The survey tracks more than just sheep. All large animals are included. This was the 4th survey I have participated in and the first one where I didn't see any bighorns.

I wanted to share a few pics from my 3 days of scouting.









Horses and ATVs along with spotting scopes are used heavilly, but there will always be a need for mountaineering skills. To get an accurate count they need some people at high altitude.

Day 1: 
I camped at 11,500ft. After hiking only a few hundred yards from my camp I found big clumps of elk hair mixed in coyote feces. I knew something was up.









Not a sheep but at least it is something. There was a cow w/ calf along with an unclassified elk on this ridge.









Counted 25 elk here but I knew I had seen some go behind the ridge. Little did I know that the majority of the herd was behind the ridge. Another 30 head besides that stood on the next ridge over in the background, way out of my camera range.









On my return I ducked into a limestone cave for a bit to escape the rain. There is quite a bit of history in these caves going back to the days of the conquistadors. My route back to camp would take me just below the snowfield.









At the bottom of the snowfield I found the source of the hair in the coyote sh!t. Life can be tough (and short) for late born calves. Most likely lost it's footing on the snow when the herd crossed, slid, and broke something. From there it probably got ugly. The cow would have guarded it but time would be on the side of the predators. It isn't just calves killed in these drainages. I've found skeletons of nice sized bulls with button antlers killed during spring months.

Day2: 
My day to travel 4 miles of ridgeline at 13,000ft.









Same herd as previous day but now the number had grown to 52.









There were 7 bulls in the herd of 52. These two were the largest.









Basking, grazing and lazing.









They busted me as I was leaving to continue along the ridge.
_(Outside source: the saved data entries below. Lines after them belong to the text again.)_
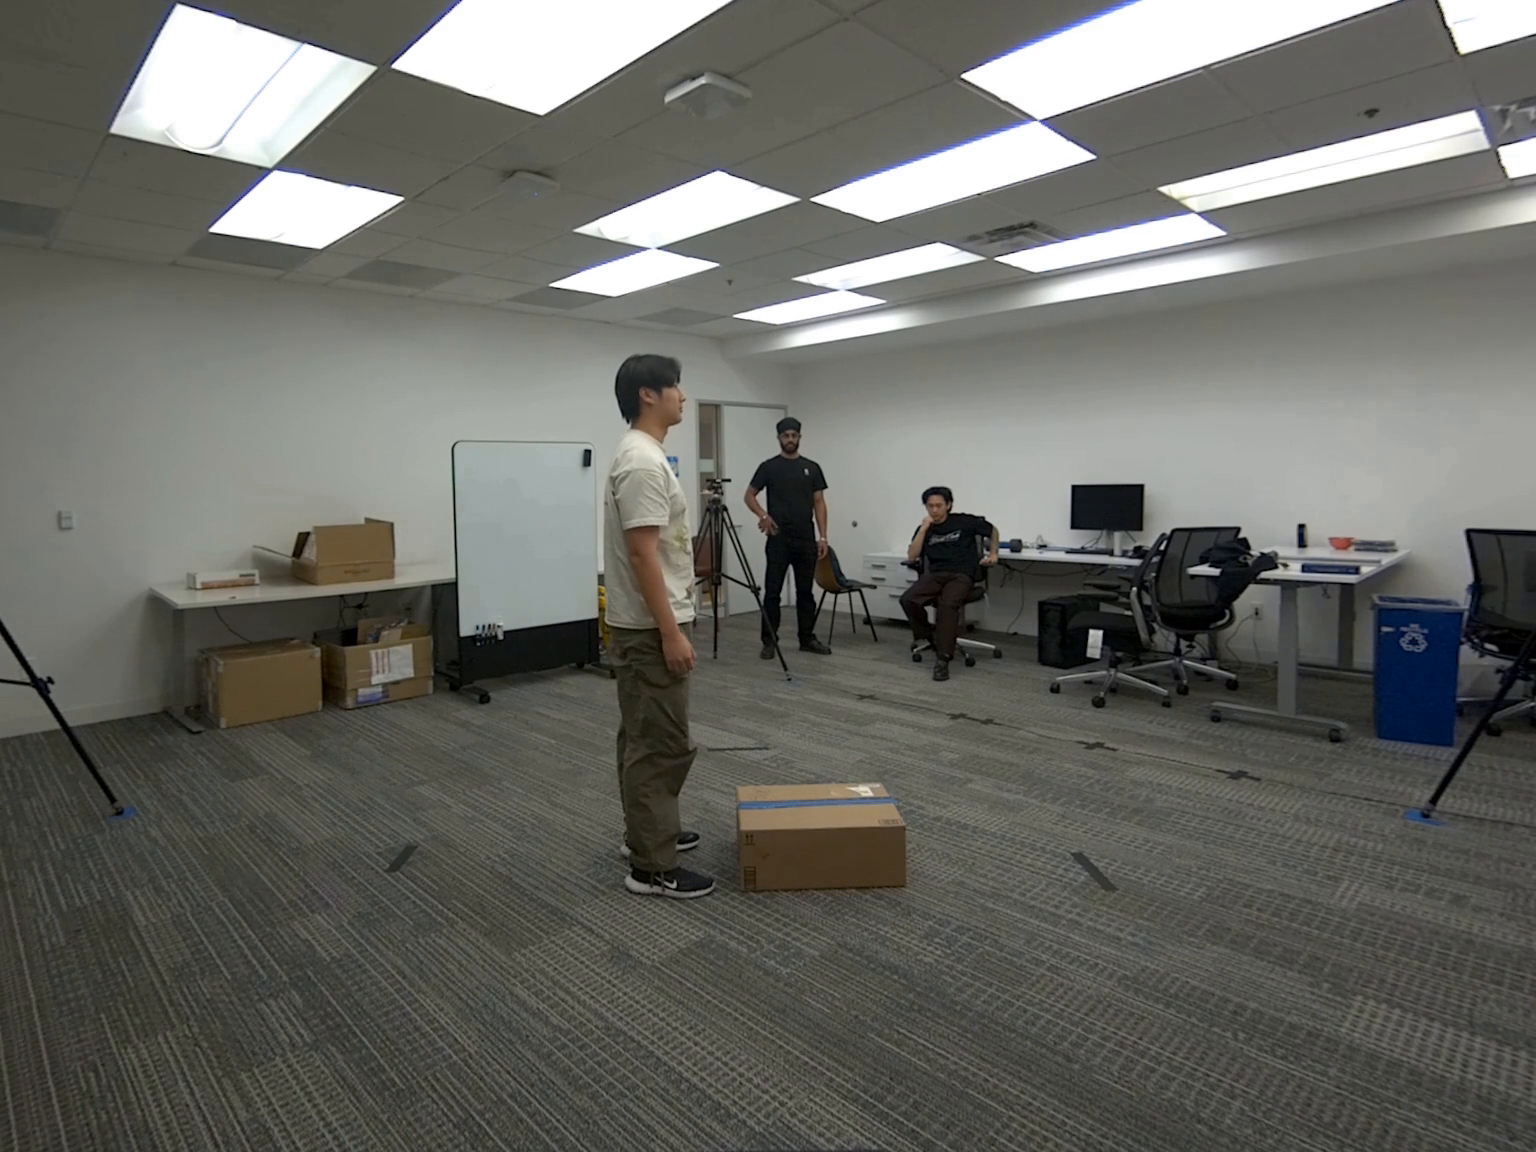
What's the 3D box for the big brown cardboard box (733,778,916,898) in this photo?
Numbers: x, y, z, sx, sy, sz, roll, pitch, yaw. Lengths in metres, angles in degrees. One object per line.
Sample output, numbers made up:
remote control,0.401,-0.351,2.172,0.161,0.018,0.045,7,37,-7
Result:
big brown cardboard box,0.182,0.927,3.090,0.588,0.232,0.420,-3,5,-3
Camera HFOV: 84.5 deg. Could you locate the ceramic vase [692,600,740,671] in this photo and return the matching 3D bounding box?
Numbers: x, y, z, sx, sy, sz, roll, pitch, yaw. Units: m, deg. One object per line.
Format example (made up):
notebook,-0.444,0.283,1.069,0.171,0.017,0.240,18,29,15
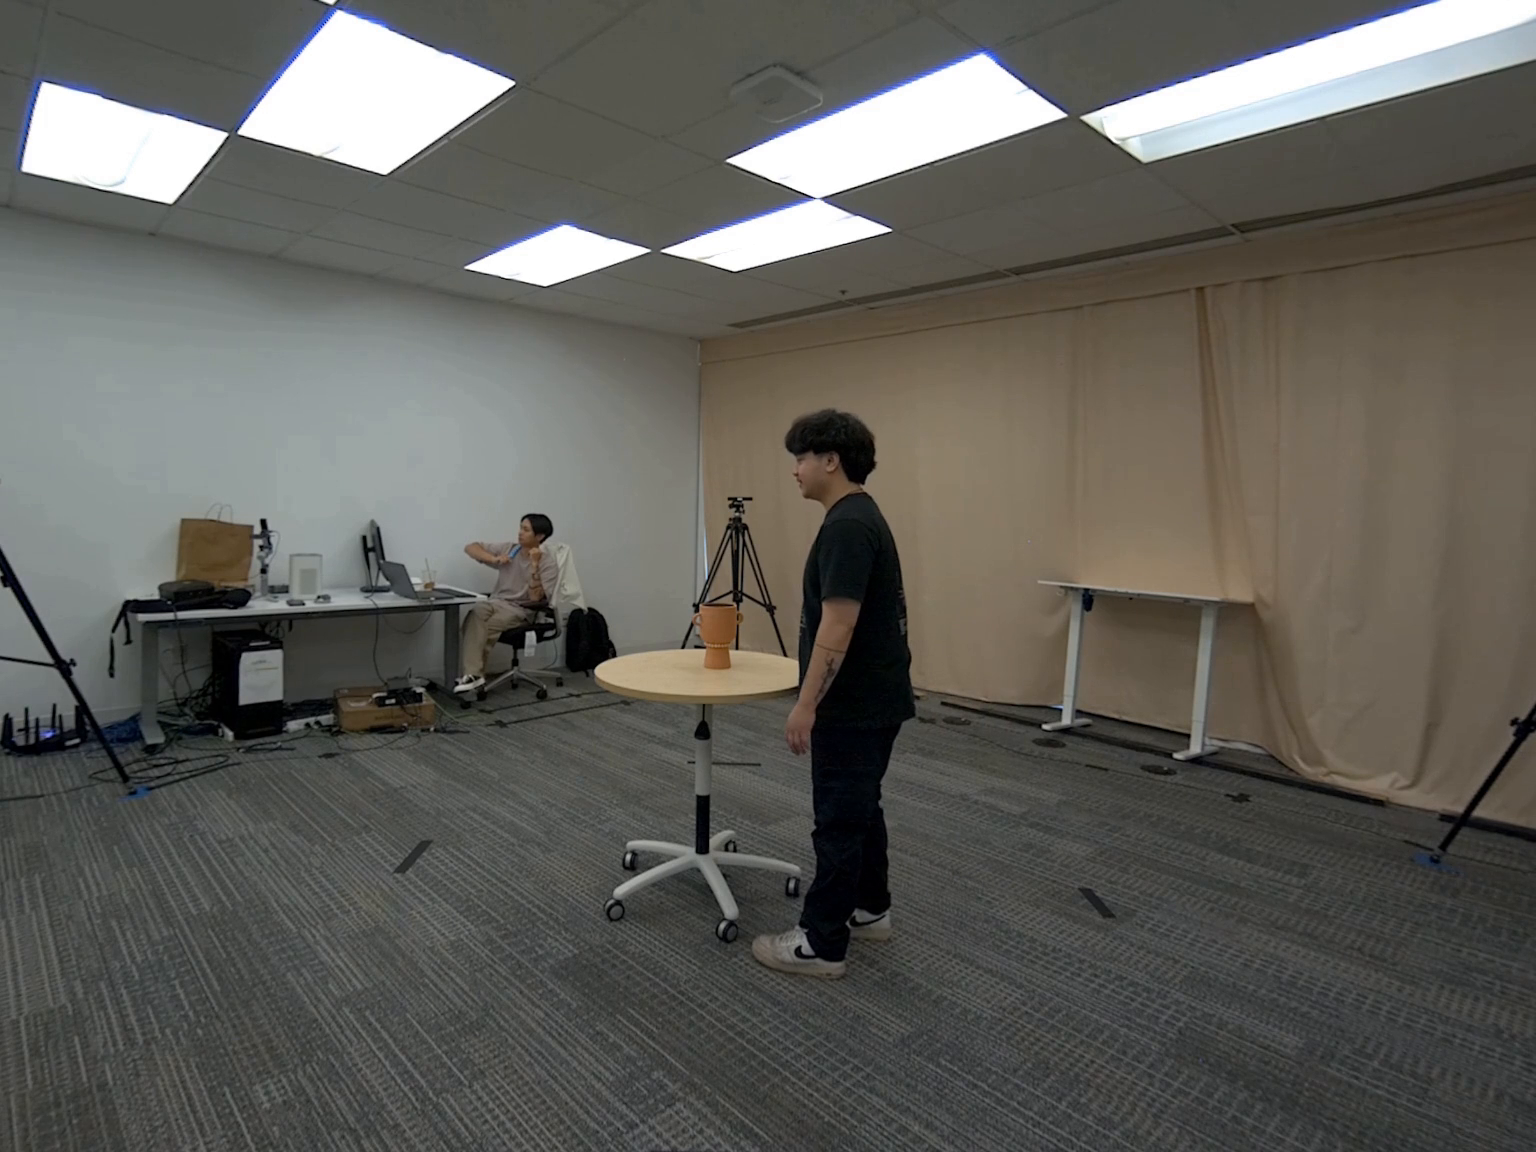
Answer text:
ceramic vase,-0.185,0.214,2.984,0.132,0.219,0.162,-1,5,-22
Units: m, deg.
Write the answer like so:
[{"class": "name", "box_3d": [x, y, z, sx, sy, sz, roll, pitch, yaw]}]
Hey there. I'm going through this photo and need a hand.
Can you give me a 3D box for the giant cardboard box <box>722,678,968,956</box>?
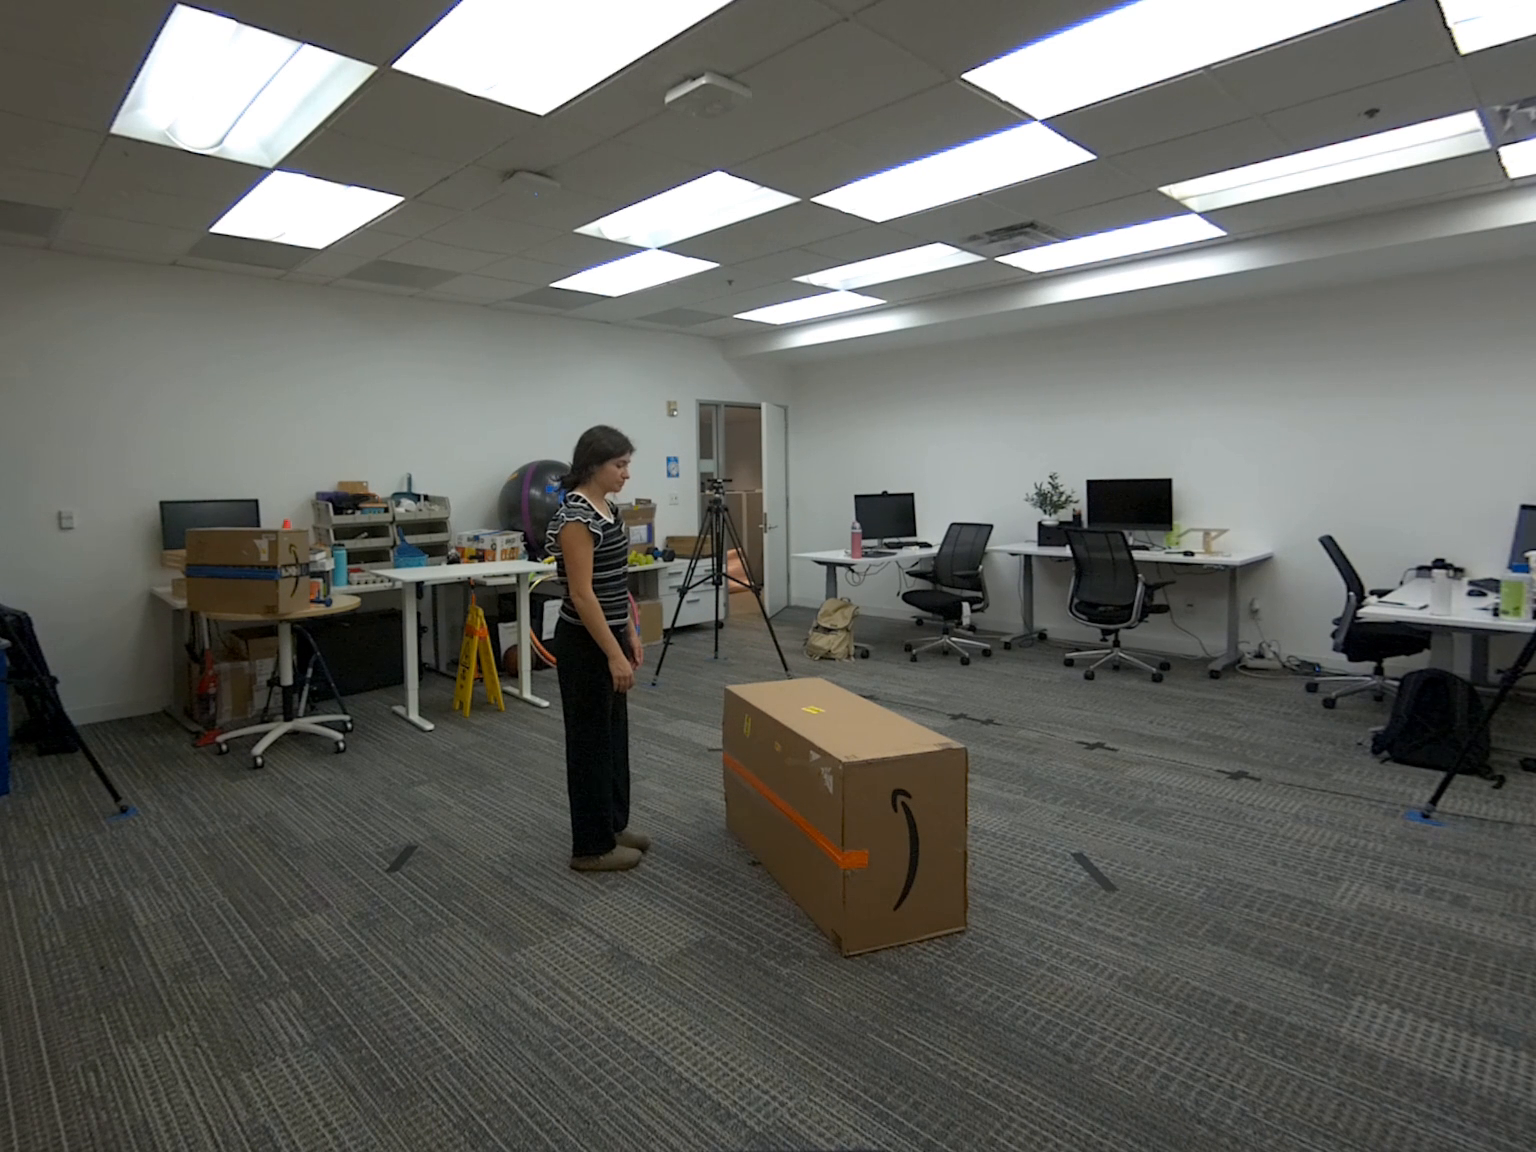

In this photo, the herd cow barks out warnings.

From there my route became a lot less enjoyable. I was comitted to staying on the ridgeline which was pretty exposed. Weather moved in and rain and groppel prevented me from seeing much on the surrounding peaks. The going was painfully slow because the lichen or moss that covers the granite gets slippery when wet so it requires extra care with every move.









Culprit? or mercifull angel of death? depending on your point of view. 
A silver coyote strikes the classic pose.

6 more miles and I can enjoy the warmth of my tiny 1 burner cookstove.

My total count was 0 sheep, 115 elk, 7 deer, 1 coyote, assorted trout fishermen.[/img]


----------



## varmit b gone (Jan 31, 2008)

Very cool Thanks for sharing


----------



## R y a n (Apr 4, 2005)

Very Cool!

Awesome photos!

I agree! Thanks for sharing!

Ryan


----------



## Sasha and Abby (May 11, 2004)

Great pics...


----------



## snow123geese (Feb 3, 2008)

Nice pics and story! Looks like you had a fun time.


----------



## bigbuck144 (Sep 9, 2007)

awsome man! fantastic picture.thanks for sharing.rex


----------



## hunt4P&amp;Y (Sep 23, 2004)

Thanks for your service! Hopefully now I will get drawn!

Nice pics!


----------